Either way, there is at least 1 deal I know of where a 2nd year analyst in UW could see the sponsor and statements were full of sh*t, but sure enough, it got financed through Fannie with Arbor. Seems like business rationale always > credit rationale. Oddly enough, even though Fannie is risk-share to the lender, it’s easier to get a loan approved than Freddie since you only have to convince internal loan committee, versus having to deal with Freddie’s approves at well.

Freddie & Fannie recently updated their DD and inspection guidelines to be stricter to combat fraud, but what they could implement, to take it one step further, is to require each lender to upload the screening DD sent in by the Sponsor (rent roll, T12) into Freddie and Fannie’s respective quote platform (where the deals get logged).

It’s widely known that brokers and sponsors send out the deal to multiple lenders to see who can get the best deal and terms - requiring the lender at screening to upload these would mitigate “different” statements being sent to different lenders for the same deal.

 

There are a few agency lenders who always scrape the bottom of the barrel for both sponsor and/or asset quality over the years.
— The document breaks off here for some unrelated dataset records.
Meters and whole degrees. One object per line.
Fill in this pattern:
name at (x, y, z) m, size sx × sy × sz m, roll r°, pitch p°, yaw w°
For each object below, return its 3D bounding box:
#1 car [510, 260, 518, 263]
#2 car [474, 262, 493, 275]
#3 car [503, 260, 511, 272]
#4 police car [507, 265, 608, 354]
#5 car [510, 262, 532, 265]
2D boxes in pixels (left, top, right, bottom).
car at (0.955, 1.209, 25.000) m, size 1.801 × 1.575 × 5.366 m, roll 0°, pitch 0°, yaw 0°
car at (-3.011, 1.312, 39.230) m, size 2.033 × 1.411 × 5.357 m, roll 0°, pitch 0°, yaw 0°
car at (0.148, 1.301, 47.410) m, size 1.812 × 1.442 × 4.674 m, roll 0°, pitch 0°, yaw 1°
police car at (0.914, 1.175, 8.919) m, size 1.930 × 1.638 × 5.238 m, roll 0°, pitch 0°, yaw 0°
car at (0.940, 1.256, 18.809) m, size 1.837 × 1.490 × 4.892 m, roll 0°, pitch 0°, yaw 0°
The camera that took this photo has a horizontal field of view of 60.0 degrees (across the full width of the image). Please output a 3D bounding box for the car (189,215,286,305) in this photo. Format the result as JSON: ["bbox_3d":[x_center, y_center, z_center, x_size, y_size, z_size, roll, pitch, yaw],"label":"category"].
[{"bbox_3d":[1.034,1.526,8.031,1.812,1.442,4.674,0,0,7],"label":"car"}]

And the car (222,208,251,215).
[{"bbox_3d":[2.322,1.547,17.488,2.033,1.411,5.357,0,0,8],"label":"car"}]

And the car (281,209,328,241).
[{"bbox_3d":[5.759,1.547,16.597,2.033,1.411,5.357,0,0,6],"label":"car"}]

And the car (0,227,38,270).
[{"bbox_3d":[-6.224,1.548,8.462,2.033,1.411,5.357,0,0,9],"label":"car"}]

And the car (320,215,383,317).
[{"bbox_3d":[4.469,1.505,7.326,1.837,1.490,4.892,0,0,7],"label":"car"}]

Some of us keep waiting for the agencies (including HUD) to wake up to it. I read the Viceroy report today and find it fascinating. Nothing in there surprises me. During the GFC, I met a sponsor who had an Arbor bridge loan in Michigan. It was restructured, Arbor pref equity/mezz (I do not remember which) injected into the property, and then refinanced with HUD as rates fell. Not a bad way for Arbor to get paid. I didn't even realize at the time HUD and pre-equity could coexist but I'm sure it was disguised. Maybe they are the reason Fannie/Freddie are issuing updates about asset quality and enhanced borrower DD!